## Work to complete
Please retype the data that follows, starting at the line containing "metres, angles in degrees." and stopping after the last line.

## Material shown

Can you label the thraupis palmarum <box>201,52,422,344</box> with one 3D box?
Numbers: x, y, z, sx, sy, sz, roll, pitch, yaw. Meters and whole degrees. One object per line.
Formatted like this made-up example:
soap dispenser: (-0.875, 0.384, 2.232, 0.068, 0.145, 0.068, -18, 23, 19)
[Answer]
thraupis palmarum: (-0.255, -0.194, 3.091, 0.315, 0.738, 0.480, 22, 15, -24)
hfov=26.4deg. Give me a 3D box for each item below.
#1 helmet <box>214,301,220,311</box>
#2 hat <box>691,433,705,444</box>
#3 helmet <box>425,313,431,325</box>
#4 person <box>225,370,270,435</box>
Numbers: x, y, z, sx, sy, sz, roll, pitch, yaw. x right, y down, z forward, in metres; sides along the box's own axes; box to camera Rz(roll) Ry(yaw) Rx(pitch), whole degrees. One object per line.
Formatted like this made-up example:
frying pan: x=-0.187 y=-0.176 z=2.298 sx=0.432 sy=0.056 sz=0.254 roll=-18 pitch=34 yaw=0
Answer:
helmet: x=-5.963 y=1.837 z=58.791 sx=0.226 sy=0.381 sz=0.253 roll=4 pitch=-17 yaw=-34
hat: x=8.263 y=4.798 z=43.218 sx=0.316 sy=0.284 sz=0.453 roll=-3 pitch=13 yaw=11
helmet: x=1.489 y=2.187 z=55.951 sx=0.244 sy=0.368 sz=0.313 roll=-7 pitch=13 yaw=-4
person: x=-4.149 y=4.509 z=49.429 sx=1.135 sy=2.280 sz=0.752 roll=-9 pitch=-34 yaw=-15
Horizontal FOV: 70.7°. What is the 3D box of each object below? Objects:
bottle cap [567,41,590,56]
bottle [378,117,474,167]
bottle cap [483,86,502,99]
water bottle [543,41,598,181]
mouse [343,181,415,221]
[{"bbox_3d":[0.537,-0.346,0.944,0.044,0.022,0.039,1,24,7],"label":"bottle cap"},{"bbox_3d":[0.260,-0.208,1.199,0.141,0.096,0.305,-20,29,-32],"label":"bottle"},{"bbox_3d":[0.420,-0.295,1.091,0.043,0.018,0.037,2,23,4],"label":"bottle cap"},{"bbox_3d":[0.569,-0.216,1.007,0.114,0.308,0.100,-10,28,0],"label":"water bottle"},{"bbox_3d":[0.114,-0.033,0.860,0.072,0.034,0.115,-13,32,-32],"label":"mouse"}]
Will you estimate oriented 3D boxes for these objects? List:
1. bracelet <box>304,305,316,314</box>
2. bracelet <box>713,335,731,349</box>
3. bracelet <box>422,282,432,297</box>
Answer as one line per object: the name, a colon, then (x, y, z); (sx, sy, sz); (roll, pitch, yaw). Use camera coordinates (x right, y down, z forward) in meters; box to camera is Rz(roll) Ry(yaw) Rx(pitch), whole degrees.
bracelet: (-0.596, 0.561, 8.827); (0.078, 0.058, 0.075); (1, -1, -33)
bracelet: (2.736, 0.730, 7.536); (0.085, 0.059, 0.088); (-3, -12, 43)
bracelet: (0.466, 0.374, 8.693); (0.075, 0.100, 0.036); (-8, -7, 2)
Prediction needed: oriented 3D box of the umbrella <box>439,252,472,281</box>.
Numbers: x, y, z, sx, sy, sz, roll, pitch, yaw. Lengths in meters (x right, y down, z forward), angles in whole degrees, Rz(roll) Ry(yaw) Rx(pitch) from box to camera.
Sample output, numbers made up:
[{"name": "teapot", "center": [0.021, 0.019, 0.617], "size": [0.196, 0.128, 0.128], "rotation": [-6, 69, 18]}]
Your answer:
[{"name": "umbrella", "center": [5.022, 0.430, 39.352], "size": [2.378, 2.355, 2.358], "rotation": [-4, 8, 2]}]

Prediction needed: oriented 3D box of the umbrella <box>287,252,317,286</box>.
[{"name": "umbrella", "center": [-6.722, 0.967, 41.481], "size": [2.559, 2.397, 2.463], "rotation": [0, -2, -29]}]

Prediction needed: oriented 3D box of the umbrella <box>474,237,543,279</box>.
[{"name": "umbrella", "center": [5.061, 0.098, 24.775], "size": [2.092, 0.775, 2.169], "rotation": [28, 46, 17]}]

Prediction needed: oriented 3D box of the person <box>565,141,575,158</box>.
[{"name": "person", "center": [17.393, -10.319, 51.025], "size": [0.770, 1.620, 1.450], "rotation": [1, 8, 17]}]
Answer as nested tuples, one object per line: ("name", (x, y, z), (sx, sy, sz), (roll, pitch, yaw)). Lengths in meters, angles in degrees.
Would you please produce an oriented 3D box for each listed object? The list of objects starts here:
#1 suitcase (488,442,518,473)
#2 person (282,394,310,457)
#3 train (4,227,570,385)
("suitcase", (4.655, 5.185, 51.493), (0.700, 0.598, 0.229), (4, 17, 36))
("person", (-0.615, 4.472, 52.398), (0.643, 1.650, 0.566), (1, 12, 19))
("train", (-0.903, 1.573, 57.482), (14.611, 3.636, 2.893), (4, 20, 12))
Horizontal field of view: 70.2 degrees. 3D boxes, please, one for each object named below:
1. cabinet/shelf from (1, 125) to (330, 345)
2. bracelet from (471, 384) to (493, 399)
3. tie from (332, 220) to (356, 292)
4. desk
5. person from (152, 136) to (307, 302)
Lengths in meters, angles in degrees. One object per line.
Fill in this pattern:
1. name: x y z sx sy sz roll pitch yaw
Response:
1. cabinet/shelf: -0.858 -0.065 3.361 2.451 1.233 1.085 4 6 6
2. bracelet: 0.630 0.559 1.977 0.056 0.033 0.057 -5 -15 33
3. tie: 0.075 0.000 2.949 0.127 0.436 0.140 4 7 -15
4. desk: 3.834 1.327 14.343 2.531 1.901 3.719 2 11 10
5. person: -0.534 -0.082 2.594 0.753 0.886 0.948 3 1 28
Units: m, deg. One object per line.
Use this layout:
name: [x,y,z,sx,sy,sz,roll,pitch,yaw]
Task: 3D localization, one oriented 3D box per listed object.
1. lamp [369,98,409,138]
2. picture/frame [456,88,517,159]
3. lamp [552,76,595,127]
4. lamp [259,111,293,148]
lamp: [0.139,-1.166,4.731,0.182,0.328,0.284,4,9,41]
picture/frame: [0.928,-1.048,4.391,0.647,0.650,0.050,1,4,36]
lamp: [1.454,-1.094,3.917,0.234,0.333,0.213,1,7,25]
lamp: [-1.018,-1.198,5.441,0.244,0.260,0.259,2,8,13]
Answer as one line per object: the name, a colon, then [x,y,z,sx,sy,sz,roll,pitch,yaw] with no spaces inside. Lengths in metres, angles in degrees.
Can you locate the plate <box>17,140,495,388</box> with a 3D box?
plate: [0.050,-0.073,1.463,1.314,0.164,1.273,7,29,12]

## Response area
Answer as one line per object: the name, a colon, then [x,y,z,sx,sy,sz,roll,pitch,yaw] with no spaces inside. Lengths in metres, angles in degrees.
Can you locate the plate <box>17,140,495,388</box> with a 3D box?
plate: [0.050,-0.073,1.463,1.314,0.164,1.273,7,29,12]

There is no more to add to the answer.